Second, there are unique legal constraints when the government makes decisions. Government agencies have to explain decisions, but such explanations become increasingly difficult as algorithmic decision making systems displace human judgment. As AI tools proliferate in federal agencies, they must ensure accountability and fidelity to legal norms of transparency, explanation, and non-discrimination, and building out such systems that function effectively within the complex human and institutional environment becomes increasingly important.
Is open-sourcing AI code used by the federal government a good idea?
There are instances when open-sourcing code can make sense from a transparency and accountability perspective. But there are other instances where open sources can introduce challenges. In the enforcement context, for instance, publishing the model used to identify tax cheats could enable adversarial attacks and gaming.
How does federal use of AI exacerbate public anxiety about government?
A long-term concern is that AI can widen the gap between the haves and the have-nots, and fuel political worries.
As government increasingly employs AI, unless we do so with proper safeguards, well-financed and technologically savvy groups could exploit these tools. That, in turn, could disadvantage those with fewer resources or technological capital.

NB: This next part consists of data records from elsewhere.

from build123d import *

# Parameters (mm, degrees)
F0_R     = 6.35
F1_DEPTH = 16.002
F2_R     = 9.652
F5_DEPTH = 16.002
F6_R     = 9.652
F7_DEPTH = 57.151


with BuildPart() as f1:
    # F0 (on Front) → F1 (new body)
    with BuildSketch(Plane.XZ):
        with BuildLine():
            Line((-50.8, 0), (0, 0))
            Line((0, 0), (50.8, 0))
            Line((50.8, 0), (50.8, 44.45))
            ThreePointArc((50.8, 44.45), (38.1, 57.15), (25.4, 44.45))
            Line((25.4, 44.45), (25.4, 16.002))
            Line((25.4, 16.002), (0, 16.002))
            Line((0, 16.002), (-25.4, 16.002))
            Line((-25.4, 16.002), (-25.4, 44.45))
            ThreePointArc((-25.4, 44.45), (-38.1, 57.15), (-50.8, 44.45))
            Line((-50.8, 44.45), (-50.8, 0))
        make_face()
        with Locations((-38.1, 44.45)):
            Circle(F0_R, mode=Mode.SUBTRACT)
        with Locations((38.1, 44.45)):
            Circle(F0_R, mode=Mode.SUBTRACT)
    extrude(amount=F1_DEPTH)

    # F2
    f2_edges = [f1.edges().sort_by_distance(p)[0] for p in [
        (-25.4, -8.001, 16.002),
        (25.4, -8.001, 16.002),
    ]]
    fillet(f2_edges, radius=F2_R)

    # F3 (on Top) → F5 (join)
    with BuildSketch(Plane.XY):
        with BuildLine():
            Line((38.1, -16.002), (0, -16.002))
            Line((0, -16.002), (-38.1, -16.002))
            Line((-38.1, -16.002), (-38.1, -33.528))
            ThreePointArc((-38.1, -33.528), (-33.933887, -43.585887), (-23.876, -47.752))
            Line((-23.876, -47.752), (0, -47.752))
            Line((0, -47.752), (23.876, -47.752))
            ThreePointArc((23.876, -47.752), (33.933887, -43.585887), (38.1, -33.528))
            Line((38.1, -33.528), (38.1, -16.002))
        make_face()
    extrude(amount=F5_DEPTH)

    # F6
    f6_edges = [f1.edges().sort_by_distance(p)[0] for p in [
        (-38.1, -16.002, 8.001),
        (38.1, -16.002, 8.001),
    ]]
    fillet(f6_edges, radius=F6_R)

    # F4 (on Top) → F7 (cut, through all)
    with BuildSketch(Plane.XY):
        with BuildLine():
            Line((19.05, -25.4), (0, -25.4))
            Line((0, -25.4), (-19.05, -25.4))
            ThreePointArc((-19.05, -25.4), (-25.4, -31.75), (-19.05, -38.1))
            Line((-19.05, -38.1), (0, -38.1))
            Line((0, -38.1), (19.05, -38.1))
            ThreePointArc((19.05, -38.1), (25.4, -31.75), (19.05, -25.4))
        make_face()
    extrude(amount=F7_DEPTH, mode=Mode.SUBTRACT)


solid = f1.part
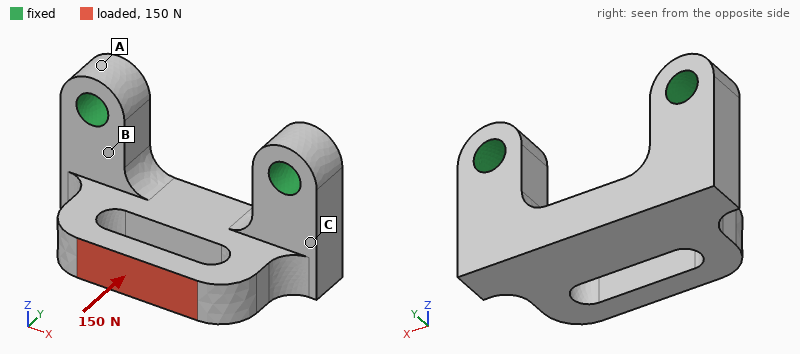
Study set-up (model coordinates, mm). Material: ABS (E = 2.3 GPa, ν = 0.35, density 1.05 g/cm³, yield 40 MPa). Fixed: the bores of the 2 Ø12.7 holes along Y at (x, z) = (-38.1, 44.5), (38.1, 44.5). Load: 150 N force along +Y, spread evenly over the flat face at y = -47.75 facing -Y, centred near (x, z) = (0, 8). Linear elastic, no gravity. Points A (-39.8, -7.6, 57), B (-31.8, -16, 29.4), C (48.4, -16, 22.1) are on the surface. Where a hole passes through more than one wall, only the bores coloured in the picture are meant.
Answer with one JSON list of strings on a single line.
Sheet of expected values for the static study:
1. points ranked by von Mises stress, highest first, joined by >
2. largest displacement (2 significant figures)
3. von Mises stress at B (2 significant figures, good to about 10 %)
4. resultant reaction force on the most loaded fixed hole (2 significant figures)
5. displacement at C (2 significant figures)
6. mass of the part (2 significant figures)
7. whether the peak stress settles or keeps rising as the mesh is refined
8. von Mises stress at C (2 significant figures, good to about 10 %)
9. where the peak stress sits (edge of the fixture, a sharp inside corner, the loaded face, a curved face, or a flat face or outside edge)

["B > C > A", "0.14 mm", "1.5 MPa", "75 N", "0.024 mm", "86 g", "keeps rising", "0.90 MPa", "edge of the fixture"]
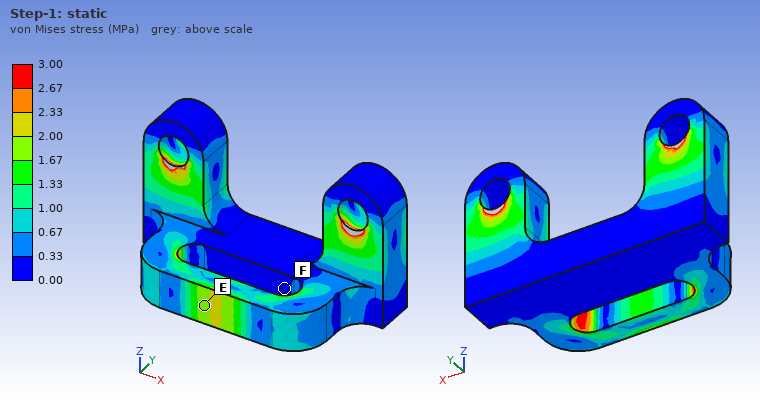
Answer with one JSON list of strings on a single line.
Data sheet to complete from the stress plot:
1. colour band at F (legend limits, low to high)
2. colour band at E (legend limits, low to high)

["0.00 to 0.33 MPa", "1.67 to 2.00 MPa"]
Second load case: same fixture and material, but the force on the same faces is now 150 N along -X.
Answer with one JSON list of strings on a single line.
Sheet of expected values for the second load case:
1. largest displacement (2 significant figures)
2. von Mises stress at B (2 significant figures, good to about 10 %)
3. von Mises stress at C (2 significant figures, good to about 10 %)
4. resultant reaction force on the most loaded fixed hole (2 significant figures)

["82 µm", "0.99 MPa", "0.53 MPa", "110 N"]
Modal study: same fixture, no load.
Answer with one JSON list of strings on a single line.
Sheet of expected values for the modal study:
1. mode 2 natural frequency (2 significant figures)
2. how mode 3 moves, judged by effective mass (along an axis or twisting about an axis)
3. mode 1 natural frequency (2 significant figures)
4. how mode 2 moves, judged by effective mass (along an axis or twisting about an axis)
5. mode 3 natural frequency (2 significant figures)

["1500 Hz", "along Y", "830 Hz", "along X", "1900 Hz"]

Our report points to the importance of internal accountability: at agencies that are the most sophisticated in developing these tools, there is an internal culture to challenge, test, and explain new tools, which is critical for trustworthiness of these systems. If the public believes the system is rigged, political support for tech-savvy government may evaporate.
What are some of your recommendations?
As the government leans more and more on AI, we have to develop and adapt mechanisms for accountability, transparency, and fairness. In some instances, more vetting can be done when an agency adopts AI at the rulemaking stage. Judges will increasingly be grappling with these issues as these tools get challenged in court.

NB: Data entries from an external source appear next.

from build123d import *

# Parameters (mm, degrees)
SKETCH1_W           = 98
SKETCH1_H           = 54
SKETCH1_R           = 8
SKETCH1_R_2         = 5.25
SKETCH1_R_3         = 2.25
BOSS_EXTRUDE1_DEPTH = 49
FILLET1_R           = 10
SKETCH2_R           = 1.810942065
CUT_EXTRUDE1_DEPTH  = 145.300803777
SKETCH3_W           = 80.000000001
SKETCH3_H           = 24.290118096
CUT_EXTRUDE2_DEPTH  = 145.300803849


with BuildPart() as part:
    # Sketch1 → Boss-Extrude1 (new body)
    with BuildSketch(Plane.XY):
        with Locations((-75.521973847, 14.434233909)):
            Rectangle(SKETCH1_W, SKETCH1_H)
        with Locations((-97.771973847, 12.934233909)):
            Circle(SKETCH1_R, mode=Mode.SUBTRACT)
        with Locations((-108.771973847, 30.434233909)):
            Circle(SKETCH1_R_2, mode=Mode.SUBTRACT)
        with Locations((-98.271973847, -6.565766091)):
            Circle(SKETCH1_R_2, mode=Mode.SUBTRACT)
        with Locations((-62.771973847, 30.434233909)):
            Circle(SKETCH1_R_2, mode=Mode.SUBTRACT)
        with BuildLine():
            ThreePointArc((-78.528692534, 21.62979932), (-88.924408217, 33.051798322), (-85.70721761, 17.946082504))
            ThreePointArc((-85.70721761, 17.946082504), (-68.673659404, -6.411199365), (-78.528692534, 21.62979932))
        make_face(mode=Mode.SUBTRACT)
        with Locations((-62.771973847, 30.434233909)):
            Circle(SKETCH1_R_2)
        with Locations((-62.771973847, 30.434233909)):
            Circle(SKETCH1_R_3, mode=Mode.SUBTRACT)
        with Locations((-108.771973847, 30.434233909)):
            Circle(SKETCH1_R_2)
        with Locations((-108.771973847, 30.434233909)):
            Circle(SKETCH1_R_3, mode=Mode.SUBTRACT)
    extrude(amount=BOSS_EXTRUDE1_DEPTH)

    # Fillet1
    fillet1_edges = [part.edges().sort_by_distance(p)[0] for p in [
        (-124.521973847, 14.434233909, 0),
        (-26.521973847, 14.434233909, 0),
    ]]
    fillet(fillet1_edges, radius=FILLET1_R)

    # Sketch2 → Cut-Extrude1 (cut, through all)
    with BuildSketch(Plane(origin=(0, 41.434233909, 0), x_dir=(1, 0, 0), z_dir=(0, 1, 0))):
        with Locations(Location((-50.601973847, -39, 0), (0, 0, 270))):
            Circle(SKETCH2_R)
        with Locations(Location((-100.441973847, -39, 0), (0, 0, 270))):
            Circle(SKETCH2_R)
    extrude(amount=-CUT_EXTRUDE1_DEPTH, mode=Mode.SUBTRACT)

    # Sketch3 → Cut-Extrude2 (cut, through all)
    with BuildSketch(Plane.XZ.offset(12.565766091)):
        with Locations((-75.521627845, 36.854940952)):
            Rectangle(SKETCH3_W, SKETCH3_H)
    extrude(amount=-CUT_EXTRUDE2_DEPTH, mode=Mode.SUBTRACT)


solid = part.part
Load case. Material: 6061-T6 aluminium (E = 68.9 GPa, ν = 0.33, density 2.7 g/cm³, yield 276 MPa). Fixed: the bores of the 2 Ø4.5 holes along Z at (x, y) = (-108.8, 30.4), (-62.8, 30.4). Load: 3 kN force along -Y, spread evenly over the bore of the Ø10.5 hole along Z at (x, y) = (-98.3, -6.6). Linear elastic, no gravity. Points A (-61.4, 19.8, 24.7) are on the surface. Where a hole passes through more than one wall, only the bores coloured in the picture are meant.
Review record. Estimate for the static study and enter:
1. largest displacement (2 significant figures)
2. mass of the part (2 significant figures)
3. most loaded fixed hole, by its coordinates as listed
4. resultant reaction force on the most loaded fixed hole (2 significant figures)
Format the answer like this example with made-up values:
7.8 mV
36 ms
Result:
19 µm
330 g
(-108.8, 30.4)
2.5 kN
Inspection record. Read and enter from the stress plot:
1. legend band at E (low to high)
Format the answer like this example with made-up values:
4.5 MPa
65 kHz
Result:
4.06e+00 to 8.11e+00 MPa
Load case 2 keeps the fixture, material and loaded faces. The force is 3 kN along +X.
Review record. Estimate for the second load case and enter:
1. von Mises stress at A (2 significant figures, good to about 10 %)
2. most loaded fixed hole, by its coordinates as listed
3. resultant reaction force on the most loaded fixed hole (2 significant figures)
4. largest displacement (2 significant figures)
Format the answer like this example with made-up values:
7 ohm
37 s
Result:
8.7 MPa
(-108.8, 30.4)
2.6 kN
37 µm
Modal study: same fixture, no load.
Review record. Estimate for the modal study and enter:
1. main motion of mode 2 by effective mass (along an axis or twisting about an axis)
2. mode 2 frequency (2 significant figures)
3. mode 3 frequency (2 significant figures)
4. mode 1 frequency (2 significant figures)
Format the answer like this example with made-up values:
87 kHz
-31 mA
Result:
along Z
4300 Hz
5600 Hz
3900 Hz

We believe one basic approach would be requiring federal agencies to benchmark AI tools, reserving some decisions for conventional (human) decision making and comparing such outcomes to ones aided by AI tools. Such a “human-alongside-the-loop” approach could smoke out the potential for bias, arbitrariness, and error, increasing the trustworthiness of these tools to officials, legislators, judges, and the public.
Like any powerful tool, AI has the potential to make things better or worse. The key is having a clear understanding of the landscape, and convening an open discussion on our next move as a society.
What’s next for your research?
I’m excited to be working with the HAI community around issues of AI Governance, as the report underscores the importance of human-centered AI. At HAI, we are in the process of building out a policy initiative so that we can prepare the next generation of technologists and policymakers to wrestle with these issues with a rigorous understanding of AI and law.
At the RegLab, we are working on addressing some of these basic challenges of public sector AI by building partnerships with government agencies to enable government to adapt cutting edge AI to envision the future of data-driven, effective, humane, and fair governance.